田母神さんのトークの魅力はユーモアを交えた「適度な脱線」にあると私は見る。終盤、ミシュランによる格付けを例に出して「歴史の浅いフランスなんかに星をつけてもらう必要はない。何がワインだ、(日本は)大吟醸だ。日本人がもっと自信を持たなきゃいけない」と力を込めて語っていたのが印象に残った。そして講演を締め括る言葉はなんと「言いたいことがほとんど言えなかった(笑)」であった。
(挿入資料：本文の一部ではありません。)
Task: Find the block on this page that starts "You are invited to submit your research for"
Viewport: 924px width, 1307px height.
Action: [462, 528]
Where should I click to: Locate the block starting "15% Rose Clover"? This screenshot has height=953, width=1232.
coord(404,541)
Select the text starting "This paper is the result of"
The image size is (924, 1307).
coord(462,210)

閉会の挨拶で日本会議広島のスタッフは講演会のチラシを某所に置いて欲しいと頼んだが、市長の意向に沿っていないとの理由で拒否された経緯(8月6日の産経新聞が報じていたのは流石だ)を伝え、数の力の重要性を痛感したと心情を吐露した。
昨年に比べ参加人数が格段に増えたのは口コミによる効果が大きいと思われ、広島市の偏向具合に疑問を呈する日本国民が少なくないことをも示している。広島市でタブーとされるテーマを正々堂々と議論する場はあって当然だ。ぜひ来年も(メディアが黙殺出来ぬ規模にして)開催すべきである。気の早い話だが、タイトルは「再三にわたりヒロシマの平和を疑う!」とでもなるのだろうか。
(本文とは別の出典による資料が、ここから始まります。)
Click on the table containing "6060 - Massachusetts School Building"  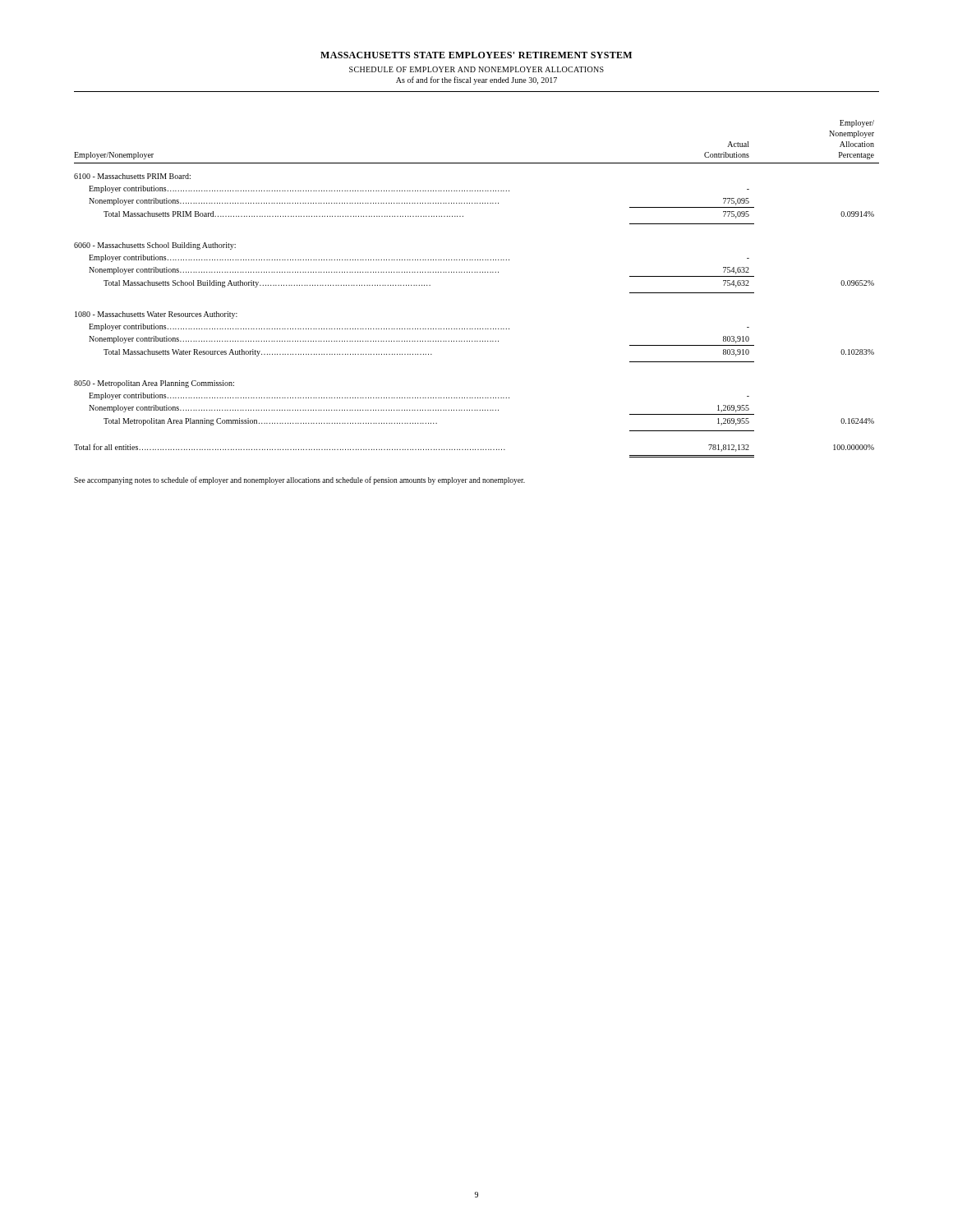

講演会場から割れんばかりの拍手が沸き、第29代航空幕僚長はニコッとした。「酒と女は2合まで」という名(迷)言を残した彼はおよそ1時間15分にわたり持論を展開した。
まず「秋葉市長の謳う平和を疑ってみなければならぬ」と切り出し、核が実際に使われる可能性は極めて低いとした上で核が究極の戦争抑止(防御用)兵器であることが日本ではなかなか理解されないことを嘆いた。そして核武装不要という意見があるのならば、その逆の核武装すべきとの考えもあってよいはずだと述べ、全く議論されない(戦後の日本に言論の自由がない)問題を提起した。それから批判の矛先は与党民主党に向けられたのである。
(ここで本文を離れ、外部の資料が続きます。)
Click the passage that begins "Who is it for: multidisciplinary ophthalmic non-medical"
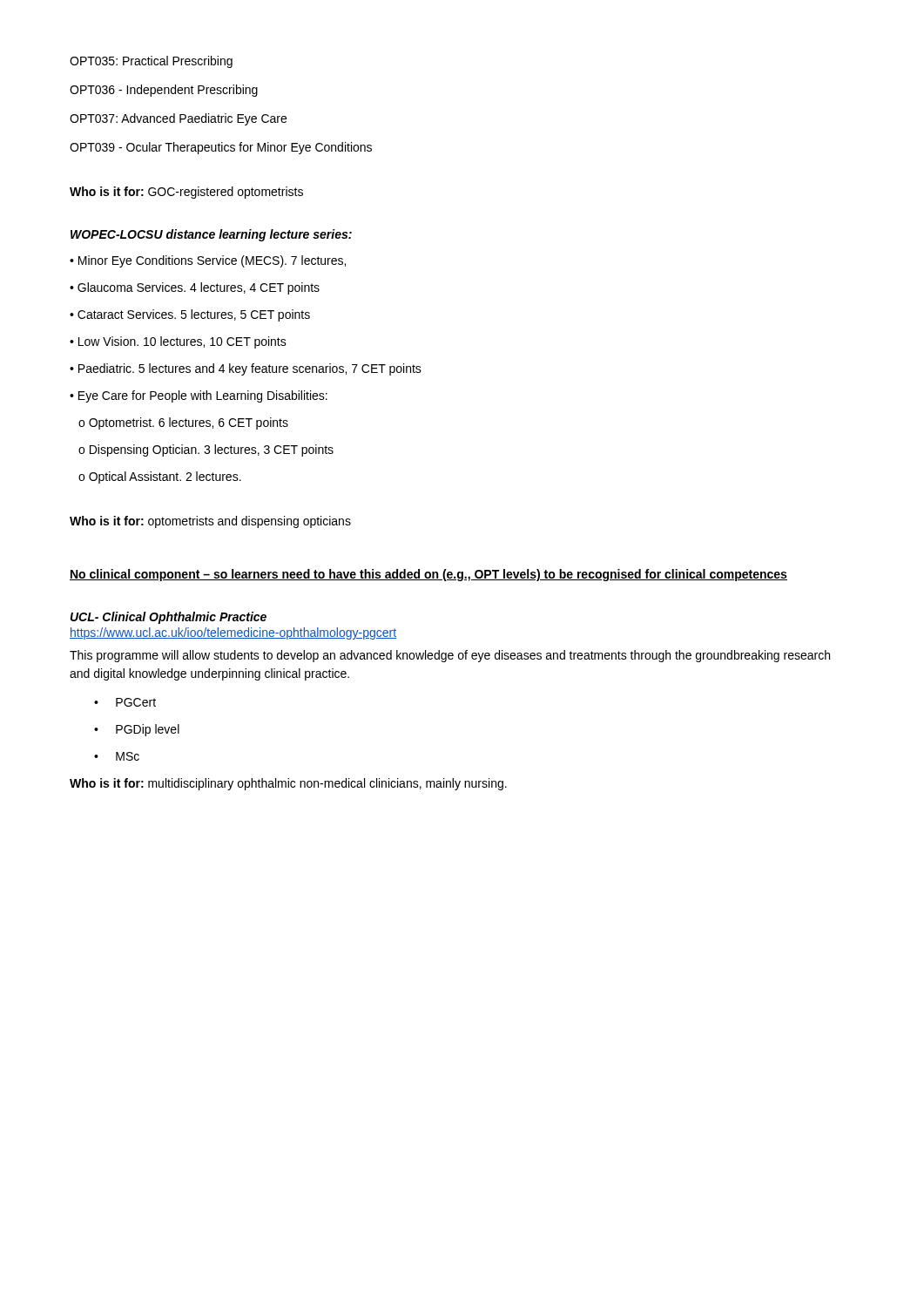Screen dimensions: 1307x924 (289, 783)
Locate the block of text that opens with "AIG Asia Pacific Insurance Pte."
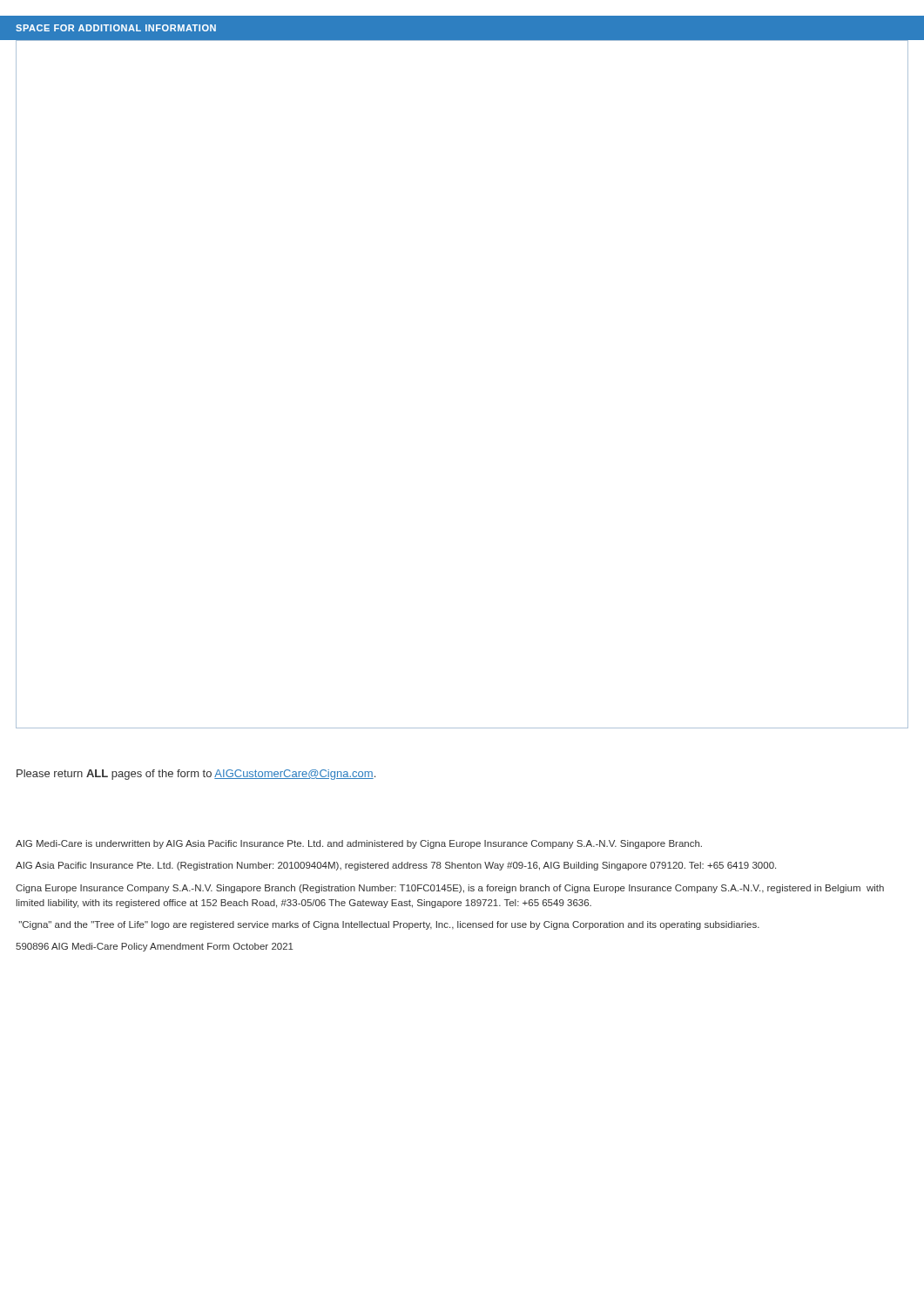The width and height of the screenshot is (924, 1307). [396, 865]

「民主党が政権をとってまた国民から自由を奪おうとしている。自民党もゆるやかに日本のぶち壊しをやってきたが、その総仕上げを民主党が迅速に行おうとしている(場内大爆笑)。売国3法案は何としても阻止しなければならない。今日本には中国人が50万人以上いるが、本国で選挙権すらない彼らが日本で選挙権を求めるとは何事か!」
田母神さんの扱き下ろしに腹を抱えて笑う人たちを私は確かに見た。夫婦別姓法案に関しては日本人の道徳観は家族制度にあったと思うと語り、こんな法案成立を望んでいるのは多分男性に愛されたことのない女性ではないかと皮肉った。
更に(旧)人権擁護法案が成立すれば善良な日本国民への人権侵害が進むと結論付けた。無法者をのさばらせるような悪法(すこぶる性根の悪い連中による善人狩り)は数多くの共産主義国家がはまった泥沼に我が国を導くと私は非常に危惧している。

高田純さん(札幌医科大学教授)による緊急提言は実に刺激的でわざわざ広島市まで足を運んだ甲斐があったと思う。彼も平和宣言で気になった箇所を指摘した。
市長は今の日本の平和は奇跡だと言うが、多くの拉致被害者が未だに帰国できずにいるのに何が平和だと怒りをあらわにした。そして中国が広島型原爆の1万7千発分の核兵器を保有してその多くを我が国に向けている状況で核の傘から離脱することを政府に求める見識には納得しないと語った。
共産党の一党支配による中国は新疆ウイグル自治区の楼蘭遺跡の近くで46回もの核実験を行い、植民地化状態の下でウイグル人は最も酷い被害を受けて莫大な人が亡くなっている(中国はその事実をウイグル人に伝えず被爆者をやみくもに増やした)ことを明らかにした(※)。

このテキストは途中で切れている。